Gleich einem Donnerschlag und nichts für zartbesaitete Ohren folgten akustische Kontraste mit dem „Concerto grosso Nr. 1 für 2 Violinen, Cembalo und Streichorchester“ von Alfred Schnittke. Für seine „Polystilistik“ ist der Komponist bekannt, seine Aphorismen in gedrängter Musikfülle in Anspielung auf die Zwölftontechnik kamen in diesem Werk nun weniger zum Ausdruck. Dennoch erinnerte ich mich zuweilen der Worte Scarpias aus „Tosca“  E strimpellan gavotte.  Eine unterschwellige Unruhe durchzog die fünf Sätze des Concertos, versöhnte manche malträtierten Zuhörer-Ohren mit dialogischen Strukturen melodischer Elemente und schöner Klänge. Thematisch-variiert sinnierte das Cembalo Ansätze eines Tangos und verhalf so mancher Kontroverse zu harmonischer Sachlichkeit.

Mit großer Kompetenz und Hingabe stellten sich Julia Fischer und Augustin Hadelich dieser enormen Herausforderung und meisterten in bewundernswerter Eleganz und Virtuosität Unglaubliches. In weitem dynamischem Spektrum erschlossen die beiden Künstler einen Klangkosmos der besonderen Art, entfalteten ihr technisches Können zu diesen vertrackten Disharmonien in klanglichen Differenzierungen des fein abgestimmten Dualsystems der Komposition. In sehr engagagierter und eindringlicher orchestraler Präzision untermalte das englische Chamber-Orchestra den eigenwilligen Sound.

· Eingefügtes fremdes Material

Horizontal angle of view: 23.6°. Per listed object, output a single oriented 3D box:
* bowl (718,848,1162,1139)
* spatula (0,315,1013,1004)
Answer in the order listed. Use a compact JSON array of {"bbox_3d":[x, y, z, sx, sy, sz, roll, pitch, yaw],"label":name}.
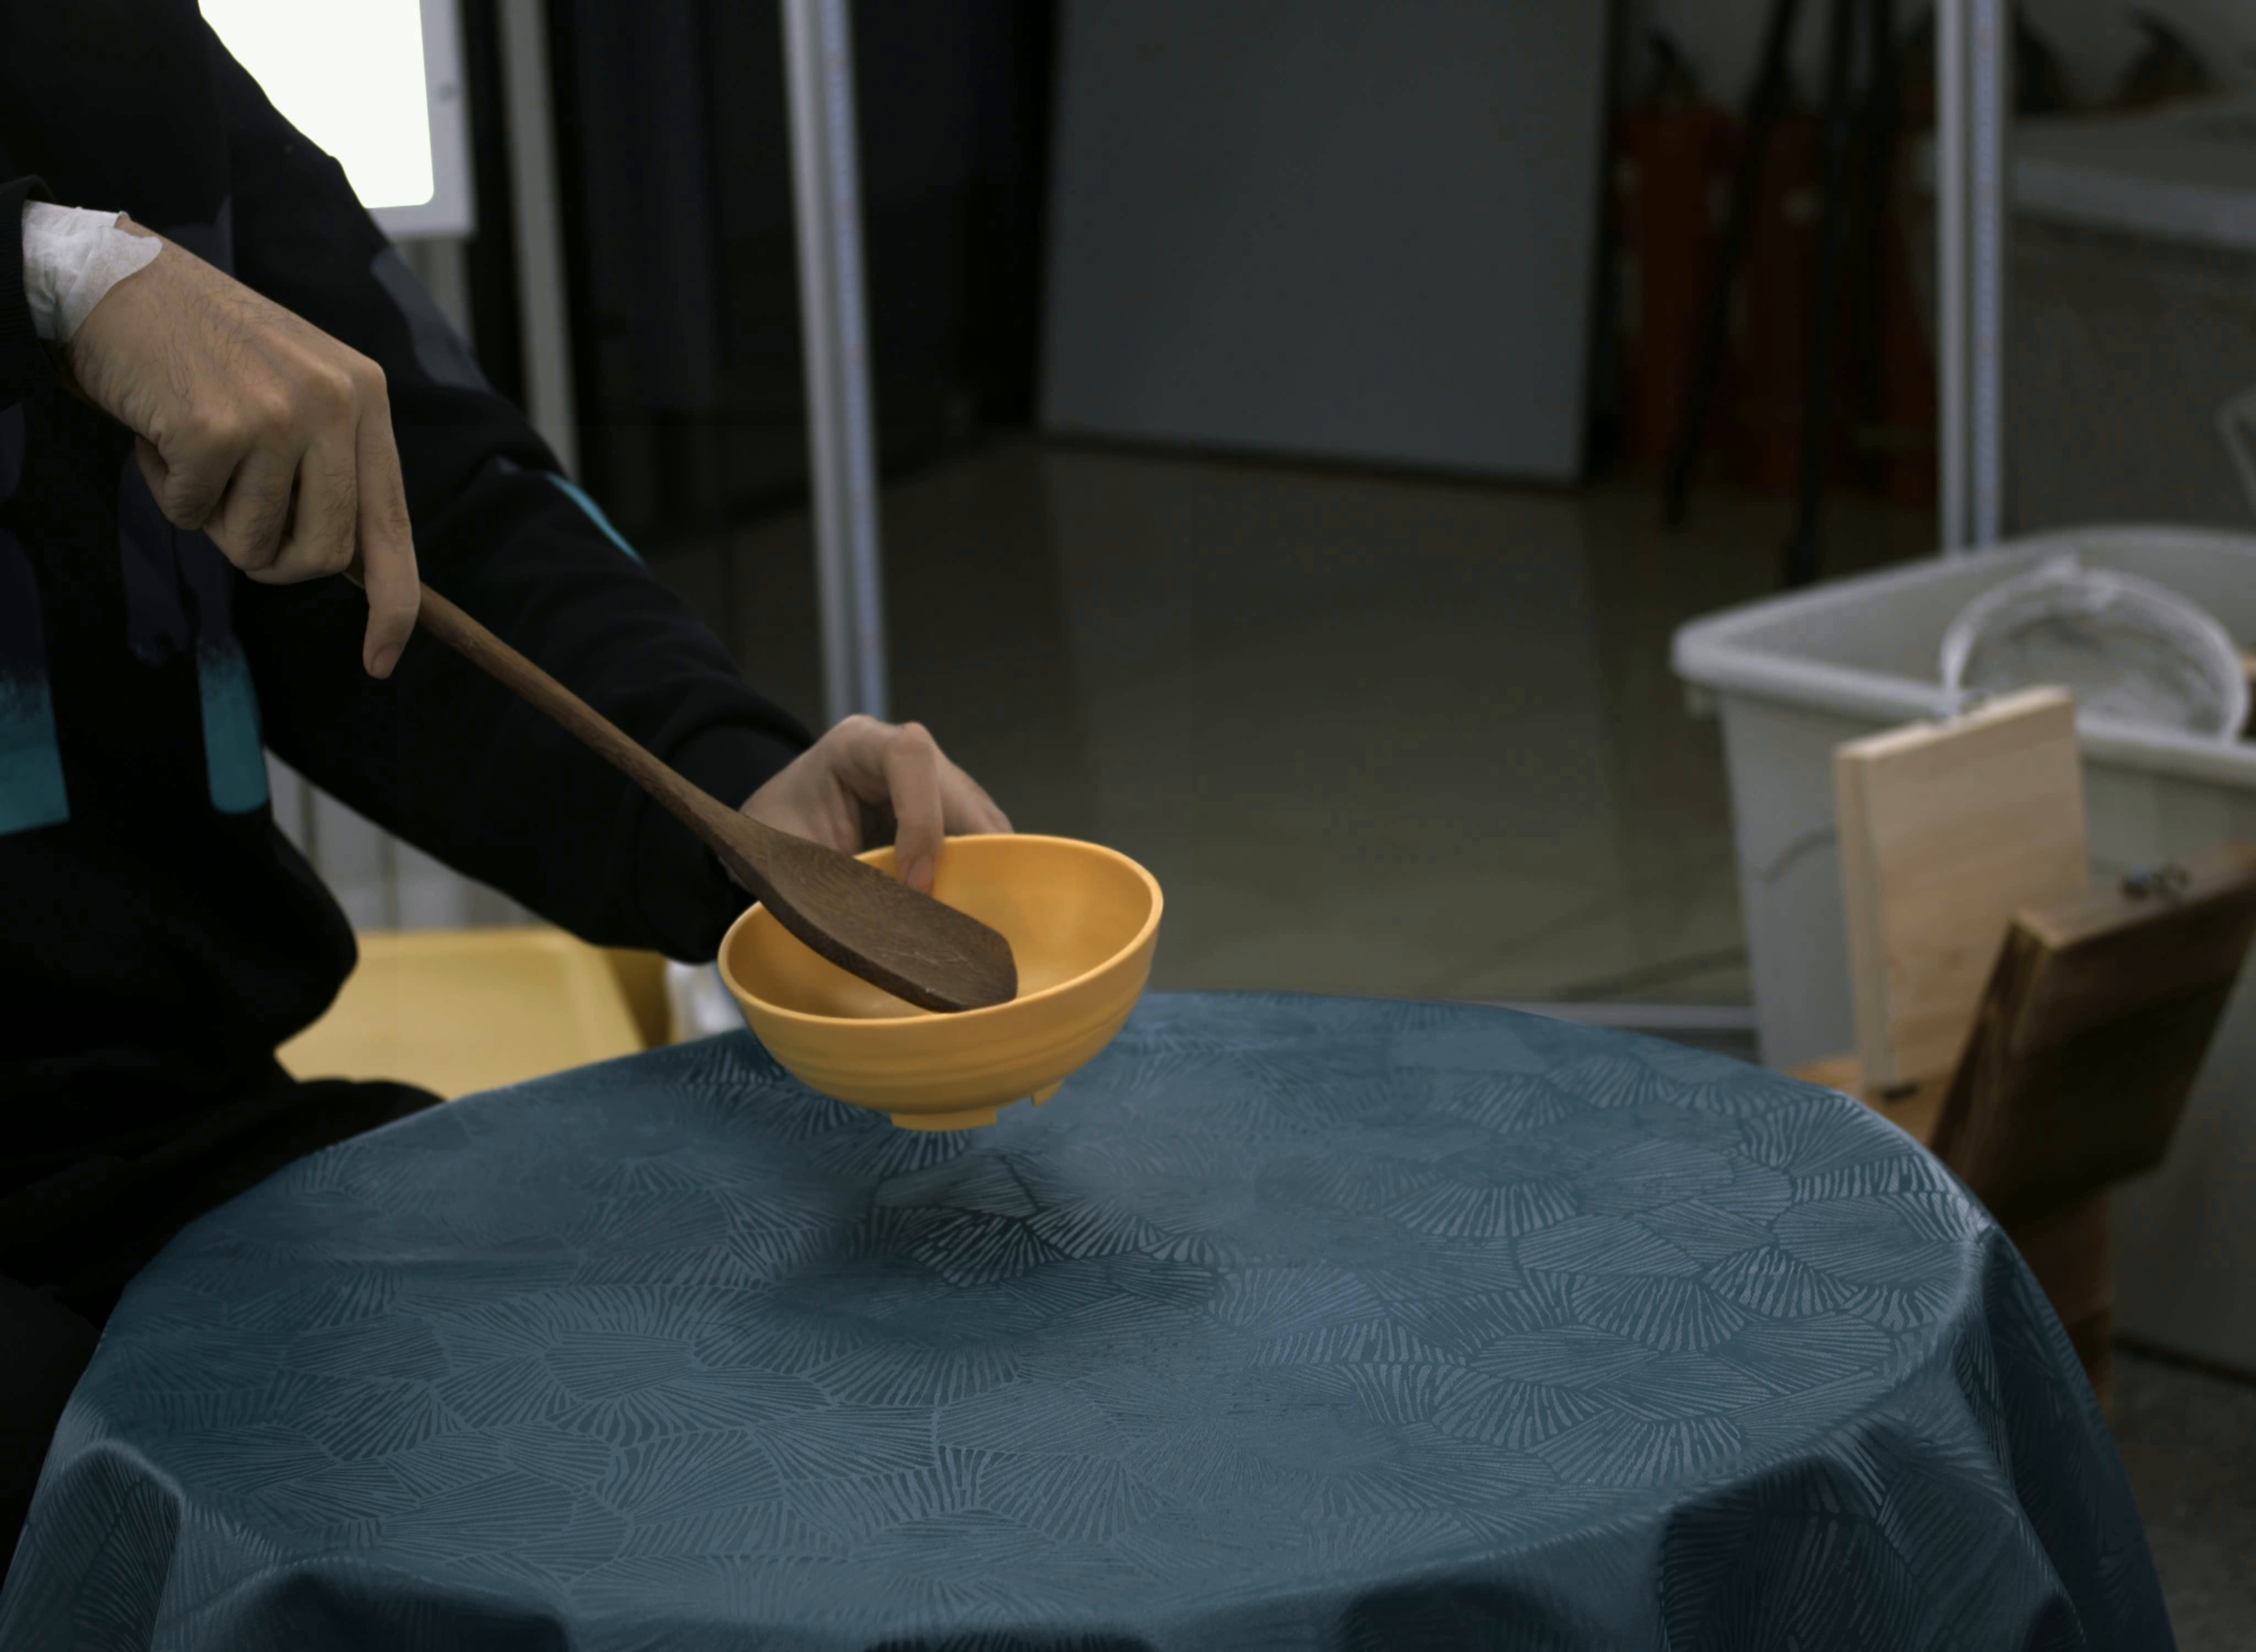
[{"bbox_3d":[-0.057,0.060,1.732,0.143,0.060,0.146,-7,20,2],"label":"bowl"},{"bbox_3d":[-0.196,-0.052,1.715,0.384,0.016,0.096,35,15,0],"label":"spatula"}]

Das zunächst leicht verschreckte Publikum dankte dennoch sehr herzlich den beiden sympathischen Künstlern.

Nach der Pause folgte wiederum ein Werk des 21. Jahrhunderts und zwar die „Chamber Symphony“ des russischen Komponisten Andrey Rubtsov. Nun wirkte das viersätzige, 17-Minutenwerk keineswegs sphärisch aber dennoch weit versöhnlicher in den Ohren der Zuhörer. Der zeitgenössische Komponist ließ so manches bekannte Thema der Konzertliteratur in diesem Werk aufblitzen, bediente sich weniger atonaler Töne und somit entstand eine Short-Symphony von klarer Konstruktion und teils sehr klangvoller Intensität.

Vortrefflich musizierte die Academy of St. Martin jene interessanten Weisen.

Zum Abschluss erklangen wiederum klassische Töne und zwar die „Serenade für Streichorchester C-Dur“ aus der Feder von Peter Iljitsch Tschaikowsky. Keine andere Schöpfung des genialen russischen Komponisten huldigte so sehr dem Geist der deutschen Musik wie dieses musikalische Kleinod.

 Im Allegro finden wir sogleich Händel- und Schumann-Anklänge, mag es uns zwar merkwürdig berühren, doch Tschaikowsky fühlte sich den beiden Großen stark verbunden, als dass er seine Huldigung hätte schmälern mögen zugunsten stilistischer Bedenken. Vortrefflich in herrlicher Instrumentation der akkurat musizierenden Academy erklang Valse – Moderato und im folgenden Elegia gab sich der Komponist weichen Regungen hin, allein dieses Tonstückes  wegen verdient das Werk wahrhaft seinen Namen Serenade. Auf wunderbare Weise intonierten die englischen Gäste in transparenter Orchestrierung das finale Andante – tema russo im lustigen Kehraus mit seinem spaßhaften Tanz.

Das Publikum erfreut, feierte das Orchester mit Bravos und überschäumender Begeisterung.